The task: The entries need to be copied exactly as they stand, images left out.

Records shown:
>>>
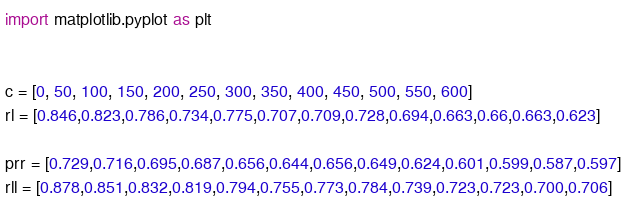<code> <loc_0><loc_0><loc_500><loc_500><_Python_>import matplotlib.pyplot as plt


c = [0, 50, 100, 150, 200, 250, 300, 350, 400, 450, 500, 550, 600]
rl = [0.846,0.823,0.786,0.734,0.775,0.707,0.709,0.728,0.694,0.663,0.66,0.663,0.623]

prr = [0.729,0.716,0.695,0.687,0.656,0.644,0.656,0.649,0.624,0.601,0.599,0.587,0.597]
rll = [0.878,0.851,0.832,0.819,0.794,0.755,0.773,0.784,0.739,0.723,0.723,0.700,0.706]</code>
<<<
Exercise solution:
<code> <loc_0><loc_0><loc_500><loc_500><_Python_>import matplotlib.pyplot as plt


c = [0, 50, 100, 150, 200, 250, 300, 350, 400, 450, 500, 550, 600]
rl = [0.846,0.823,0.786,0.734,0.775,0.707,0.709,0.728,0.694,0.663,0.66,0.663,0.623]

prr = [0.729,0.716,0.695,0.687,0.656,0.644,0.656,0.649,0.624,0.601,0.599,0.587,0.597]
rll = [0.878,0.851,0.832,0.819,0.794,0.755,0.773,0.784,0.739,0.723,0.723,0.700,0.706]</code>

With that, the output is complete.